Endlich(e) Wohnfläche für alle? Ein vergleichender Blick auf Instrumente der Wohnflächenbegrenzung

Vortrag
Sitzungstermin
Donnerstag (21. September 2023), 16:30–18:00
Sitzungsraum
SH 2.106
Autor*innen
Anton Brokow-Loga (Bauhaus-Universität Weimar)
Miriam Neßler (ILS)
Kurz­be­schreib­ung
Begrenzung und Umverteilung des (bestehenden) Wohnraums sind Kernelemente einer sozial-ökologischen Transformation der Wohnraumversorgung. Wo liegen Grenzen und Potenziale von historischen und aktuellen Instrumenten der Wohnflächenbegrenzung - und was können wir daraus lernen?
Schlag­wörter
Wohnungsfrage, Klimakrise, Wohnfläche, Suffizienz, sozial-ökologische Wohnungspolitik

Abstract

Angesichts der ökologischen Folgen, die mit einem steigenden Pro-Kopf-Verbrauch und dem Neubau von Wohnraum einhergehen, ist es wichtig, dass sich ein gesellschaftliches Bewusstsein dafür entwickelt, dass (Wohn‑)Fläche ein wertvolles – und begrenztes – Gut ist. Der kritische Blick auf die Quadratmeterzahl der eigenen Wohnung ist daher gewiss als Teil eines (klima)bewussten Lebensstils zu sehen. Doch die Frage danach, wie viel Wohnraum „genug“ ist, darf nicht nur individuell gestellt werden. Vielmehr sollte der Blick auf die gesellschaftlichen Rahmenbedingungen gerichtet werden, die zu fehlendem „Bodenbewusstsein“ (Enbergs 2005) und mangelnder Flächensuffizienz, gleichzeitig aber auch zum Paradox des oft unfreiwilligen flächensparenden Wohnens von Menschen mit geringem Einkommen oder Diskriminierungserfahrungen beitragen. Das Ziel einer sozial-ökologischen Wohnraumpolitik sollte daher darin bestehen, die Verteilungsmechanismen des (bestehenden) Wohnraums zu hinterfragen und neu zu justieren.
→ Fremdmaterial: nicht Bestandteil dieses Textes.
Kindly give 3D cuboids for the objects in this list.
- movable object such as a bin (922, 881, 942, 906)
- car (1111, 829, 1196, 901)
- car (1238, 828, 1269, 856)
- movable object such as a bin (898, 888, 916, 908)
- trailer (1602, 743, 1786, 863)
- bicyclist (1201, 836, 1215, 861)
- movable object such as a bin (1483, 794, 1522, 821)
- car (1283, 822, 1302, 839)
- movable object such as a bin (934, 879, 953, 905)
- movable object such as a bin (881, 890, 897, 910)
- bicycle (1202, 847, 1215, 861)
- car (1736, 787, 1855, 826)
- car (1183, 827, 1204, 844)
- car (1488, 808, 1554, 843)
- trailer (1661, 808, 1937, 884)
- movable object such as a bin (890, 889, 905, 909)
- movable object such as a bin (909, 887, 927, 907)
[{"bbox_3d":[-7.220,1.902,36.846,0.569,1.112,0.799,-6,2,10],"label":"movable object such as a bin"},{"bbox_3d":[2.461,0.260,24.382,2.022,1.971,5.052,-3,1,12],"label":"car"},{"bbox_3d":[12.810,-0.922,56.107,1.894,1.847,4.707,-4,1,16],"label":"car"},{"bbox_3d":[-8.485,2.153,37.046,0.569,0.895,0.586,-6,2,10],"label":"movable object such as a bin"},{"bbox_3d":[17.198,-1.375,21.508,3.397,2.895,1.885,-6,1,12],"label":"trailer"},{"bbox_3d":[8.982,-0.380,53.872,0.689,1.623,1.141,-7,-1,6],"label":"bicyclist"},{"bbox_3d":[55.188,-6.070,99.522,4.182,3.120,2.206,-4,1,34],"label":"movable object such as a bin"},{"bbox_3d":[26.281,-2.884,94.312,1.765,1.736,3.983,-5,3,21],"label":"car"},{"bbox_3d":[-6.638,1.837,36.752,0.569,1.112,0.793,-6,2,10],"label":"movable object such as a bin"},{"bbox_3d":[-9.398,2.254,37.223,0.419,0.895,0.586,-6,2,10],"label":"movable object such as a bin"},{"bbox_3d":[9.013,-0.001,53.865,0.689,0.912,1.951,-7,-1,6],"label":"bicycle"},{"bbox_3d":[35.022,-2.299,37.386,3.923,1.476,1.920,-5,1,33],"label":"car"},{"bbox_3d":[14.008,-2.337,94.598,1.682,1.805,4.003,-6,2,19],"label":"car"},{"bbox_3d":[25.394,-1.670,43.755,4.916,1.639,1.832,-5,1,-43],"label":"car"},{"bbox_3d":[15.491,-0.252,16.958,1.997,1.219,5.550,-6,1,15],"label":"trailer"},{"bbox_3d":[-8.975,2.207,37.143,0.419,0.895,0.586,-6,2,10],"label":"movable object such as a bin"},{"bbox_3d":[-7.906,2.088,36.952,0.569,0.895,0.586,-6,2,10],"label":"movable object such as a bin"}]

Ein individuelles Flächenbewusstsein, politische Sensibilisierungsangebote und kommunale Wohnungstauschplattformen können wichtige Bausteine zur Bearbeitung dieser Frage sein. Der Elefant im Raum wird bei diesen Ansätzen jedoch ausgespart: Nötig wären Instrumente der Wohnflächenbegrenzung und gerechten -umverteilung. Dass diese politischen Instrumente nicht wirklichkeitsfremd sind, sondern tatsächlich existier(t)en und entweder vergessen oder wenig sichtbar sind, thematisiert dieser Beitrag. Anhand einer vergleichenden Betrachtung der Wohnraumzwangsbewirtschaftungsgesetze in den Nachkriegsjahren, der Bestimmungen zu „angemessener Wohnfläche“ im Sozialleistungsbezug sowie der freiwilligen Lebensstilperspektive bei der Vergabe von Wohnraum (z.B. in genossenschaftlichen Tiny House Projekten) werden Kontexte und Wirkungsweisen wohnflächenbegrenzender Instrumente deutlich gemacht. Insbesondere die dadurch entstehenden und entstandenen Problematiken werden im Beitrag analysiert und reflektiert.

Im Beitrag sollen kritische Punkte, aber auch konstruktive Ansätze für ein sozial-ökologisch motiviertes Instrumentarium zur Wohnflächenbegrenzung herausgearbeitet und diskutiert werden. Obwohl – oder gerade weil – gesellschaftliche und politische Dynamiken momentan kaum darauf hinweisen, dass im Bereich der Wohnflächenbegrenzung und -umverteilung schnelle und radikale Veränderungen greifbar sind, weist der Beitrag durch die historischen und aktuellen Beispiele auf deren prinzipielle Machbarkeit hin. Auch wenn dabei eine starke Varianz der drei Vergleichsfälle berücksichtigt werden muss, ist die explorative und transdisziplinäre Ausarbeitung dieser Perspektive zentral für die gleichzeitige Bearbeitung von Wohnungsfrage und Klimakrise.